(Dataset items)
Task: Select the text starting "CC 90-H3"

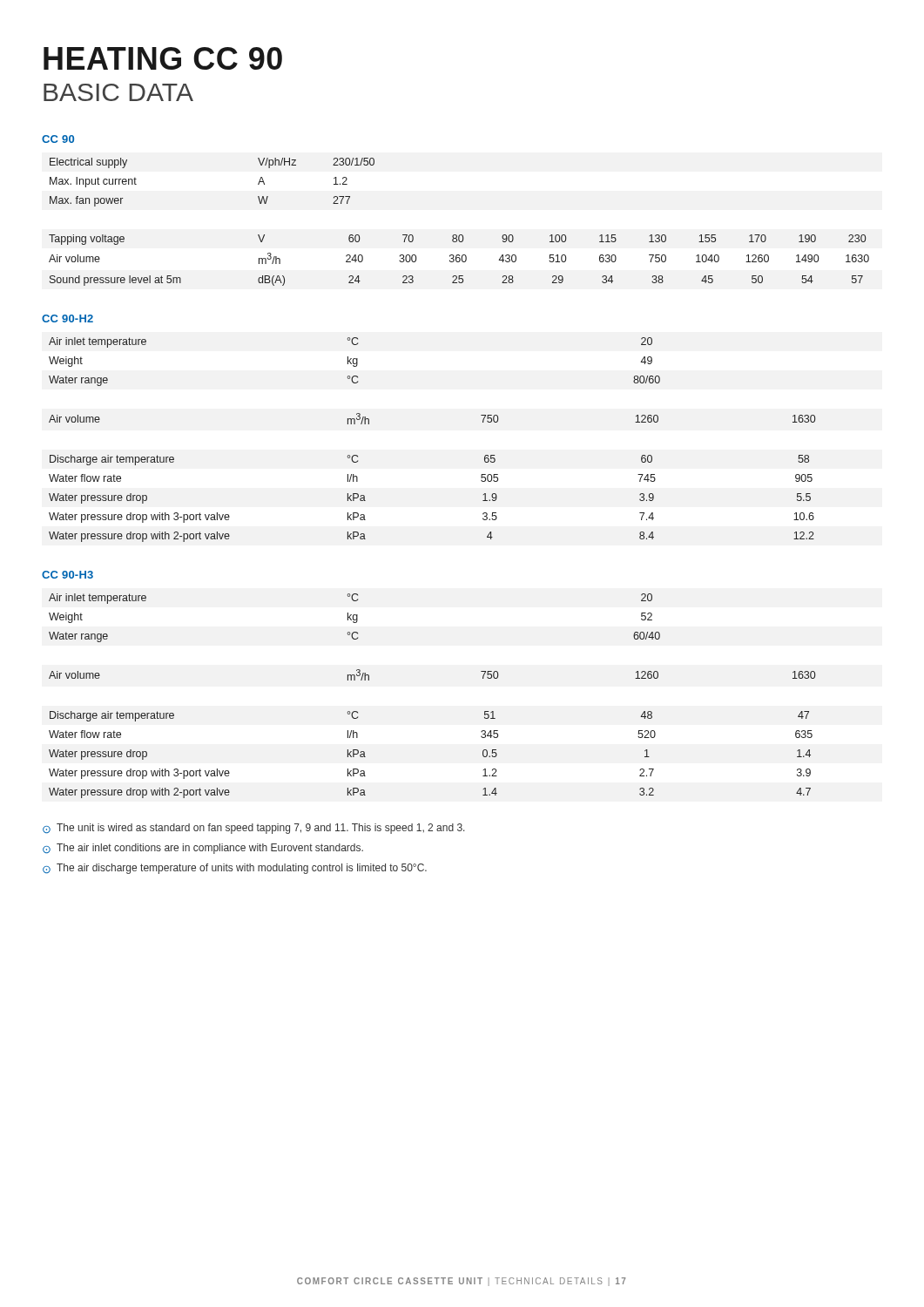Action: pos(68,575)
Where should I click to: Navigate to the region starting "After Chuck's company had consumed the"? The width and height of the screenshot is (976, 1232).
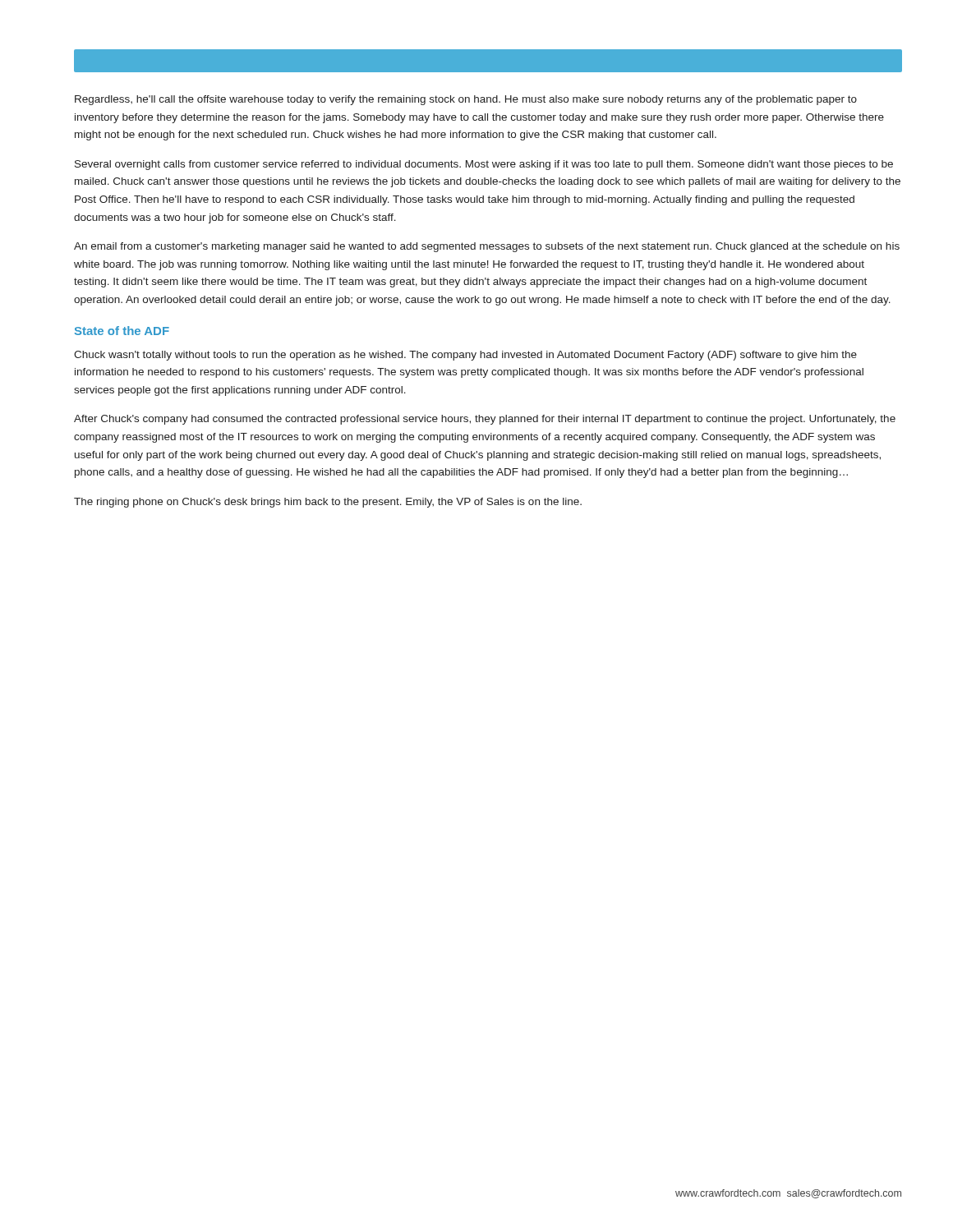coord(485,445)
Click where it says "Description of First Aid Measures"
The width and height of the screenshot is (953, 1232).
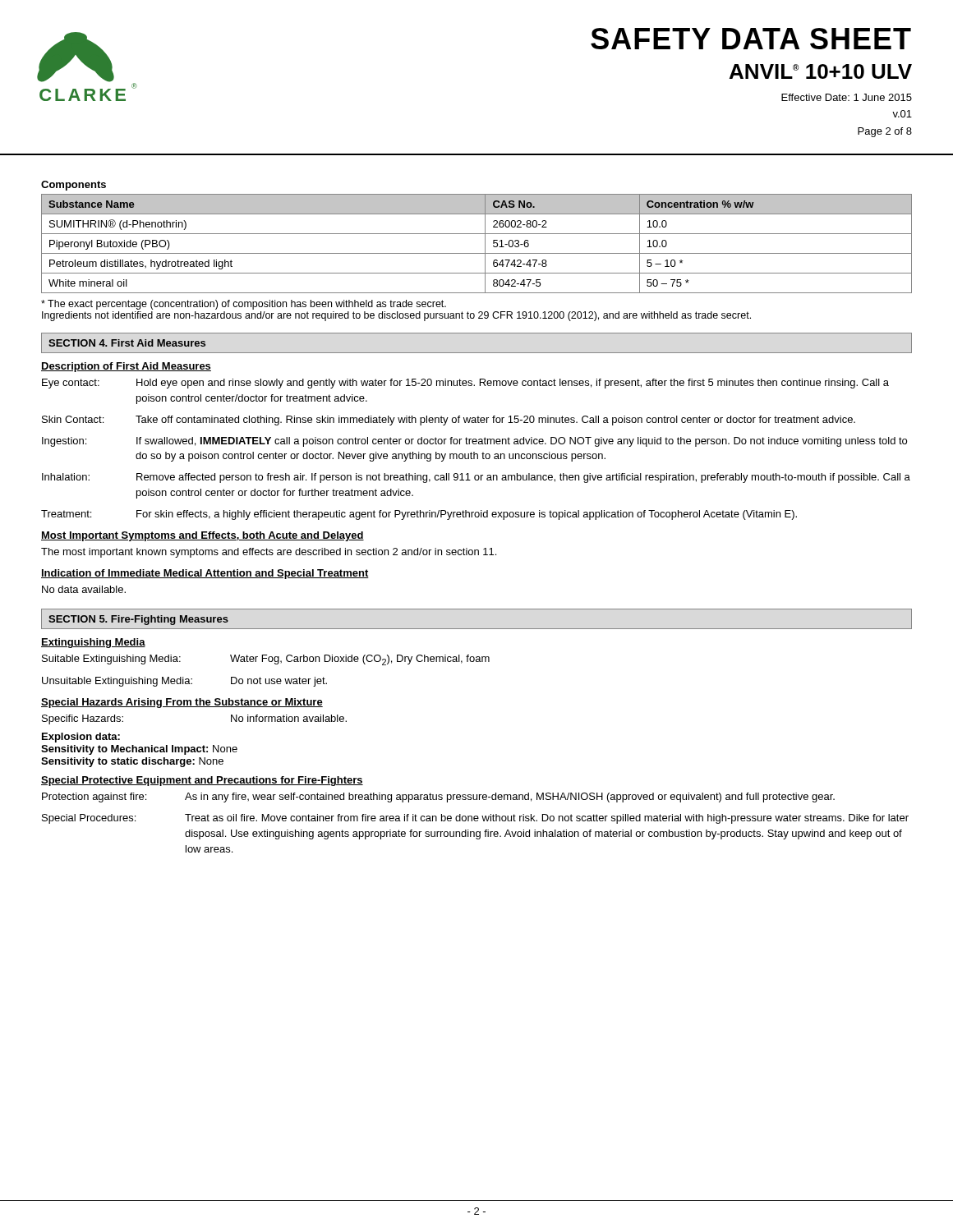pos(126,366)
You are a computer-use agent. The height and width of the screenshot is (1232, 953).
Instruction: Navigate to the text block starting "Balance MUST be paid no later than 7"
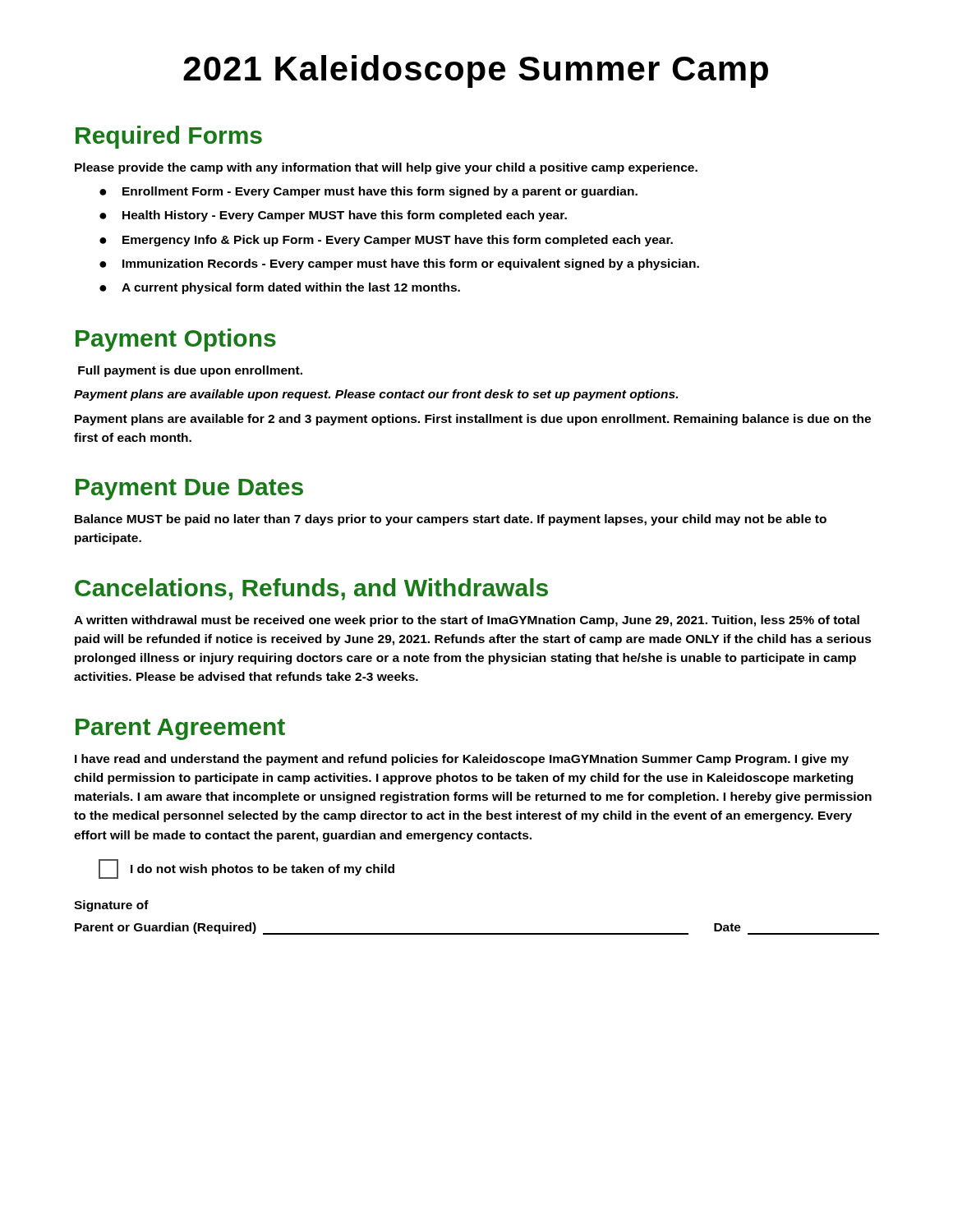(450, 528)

_AIM OF THE EXERCISE_: Could you write out, word for word, the lines from the one containing "Where should I" through the last line of the records, leaving out the pictures?

_SOLUTION FOR THIS PROBLEM_:
Where should I click to: Navigate to the region starting "After Chuck's company had consumed the"? The width and height of the screenshot is (976, 1232).
coord(485,445)
Click where it says "Description of First Aid Measures"
The width and height of the screenshot is (953, 1232).
pos(126,366)
You are a computer-use agent. The height and width of the screenshot is (1232, 953).
Instruction: Navigate to the text block starting "Balance MUST be paid no later than 7"
(450, 528)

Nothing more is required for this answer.